The term “money doesn’t buy happiness” is the main fixture within this biting, bittersweet comedy by director, Nicole Holofcener, which takes place in the appropriate SUV/house-with-a-maid landscape of Los Angeles. From the opening scene, we soon find out that Jennifer Aniston’s character, Olivia, is the lone friend in the group that is not on the monetary side of the scale, as the others, Franny (Joan Cusack), Jane (Fances McDormand) and Christine (Catherine Keener), have the large houses, careers and families.

The onion continues to peel as the flaws of each character are exposed, causing the trickle of tears both in sorrow and in the small moments in life that are laughable. Franny seems to have millions but doesn’t know what to do with it, so decides to donate it to the private school where her children go. Okay, don’t worry about the homeless children in Bombay, or even in our own country. Christine is one half a screenwriting team with her husband, but their marriage is falling apart while the couple build up their already expansive home on the hill. Jane, who owns a successful clothing design company, is angry at the world because she’s hit an age where she feels life holds no further aspirations or surprises…and she may just be in denial that her husband is gay.

Meanwhile Olivia is cleaning houses, living in $50 to $75 increments and smoking pot when it suits her fancy. She was a teacher at a ritzy high school, but left after her students, bred with entitlement into their genes, throw quarters at her because she drives an economy car while they pull in with rides worth ten times as much, bought by their rich parents, of course.

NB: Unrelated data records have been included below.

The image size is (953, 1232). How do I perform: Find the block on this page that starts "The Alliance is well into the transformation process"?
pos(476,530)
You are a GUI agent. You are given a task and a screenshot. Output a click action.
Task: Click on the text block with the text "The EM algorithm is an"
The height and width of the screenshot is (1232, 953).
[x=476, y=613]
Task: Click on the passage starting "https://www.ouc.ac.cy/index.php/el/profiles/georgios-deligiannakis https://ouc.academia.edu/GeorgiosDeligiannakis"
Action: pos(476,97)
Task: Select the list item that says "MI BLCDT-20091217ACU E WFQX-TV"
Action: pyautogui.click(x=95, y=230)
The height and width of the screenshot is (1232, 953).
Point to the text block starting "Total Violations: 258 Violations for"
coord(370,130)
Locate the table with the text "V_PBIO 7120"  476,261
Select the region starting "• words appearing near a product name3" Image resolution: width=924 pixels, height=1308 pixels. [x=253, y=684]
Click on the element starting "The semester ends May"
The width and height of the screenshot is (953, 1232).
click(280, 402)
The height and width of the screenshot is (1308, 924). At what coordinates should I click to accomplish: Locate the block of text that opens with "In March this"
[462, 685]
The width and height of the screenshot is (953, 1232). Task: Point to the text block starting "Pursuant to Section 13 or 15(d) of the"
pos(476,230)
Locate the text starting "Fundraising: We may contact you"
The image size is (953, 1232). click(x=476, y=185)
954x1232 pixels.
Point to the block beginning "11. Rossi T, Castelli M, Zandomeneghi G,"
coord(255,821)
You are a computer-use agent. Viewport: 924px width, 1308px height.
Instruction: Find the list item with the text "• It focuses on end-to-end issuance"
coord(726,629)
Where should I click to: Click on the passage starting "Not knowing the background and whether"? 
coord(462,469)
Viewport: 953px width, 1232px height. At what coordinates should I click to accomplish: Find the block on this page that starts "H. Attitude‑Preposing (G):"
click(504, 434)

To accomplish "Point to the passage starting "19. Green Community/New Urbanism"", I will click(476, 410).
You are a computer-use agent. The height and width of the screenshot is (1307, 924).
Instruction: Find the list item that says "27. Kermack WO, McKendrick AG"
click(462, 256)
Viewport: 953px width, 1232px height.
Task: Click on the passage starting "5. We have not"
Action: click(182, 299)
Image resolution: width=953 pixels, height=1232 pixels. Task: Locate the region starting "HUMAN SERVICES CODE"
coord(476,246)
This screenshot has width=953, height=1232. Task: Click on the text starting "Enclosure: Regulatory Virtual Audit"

Her friends with money take pity on her, and at one point in the movie, Franny and her husband Matt (Greg Germann, who also played the lawyer Richard Fish in Ally McBeal) wonder whether she would be friends with Olivia if they were to meet today, and the conclusion was “no.”

In an attempt to provide Olivia with a man in her life and to keep her from obsessing about a two-month affair with a married man, Franny fixes her up with Mike (Scott Caan), a personal trainer. That backfires after Mike’s narcissistic ways build to the point of asshole and Olivia sees that he’s on another date, right after bedding her. An “only in the movies” moment rears its head when she ends up with a crumpled, overweight, scruffy guy whose house she had been cleaning. But the moment is saved through their conversations, where their similarities are evident and the bond between them is clear, and by the poignant line in the movie, that he, like her, has “some issues, you know… problems.”

Don’t we all?

The writing is this movie is sharp and brings many occasions to snicker, even out loud. But the female characters, even with their “complete life” garner as much pity as the one without the money, stuff or husband. Maybe if they all took a trip to a third world country and experienced real issues they would be more grateful for what they have. And this goes for the real life characters that live in Los Angeles and other cities across our country.

Friends with Money is opens April 7 at the Mayan Theater.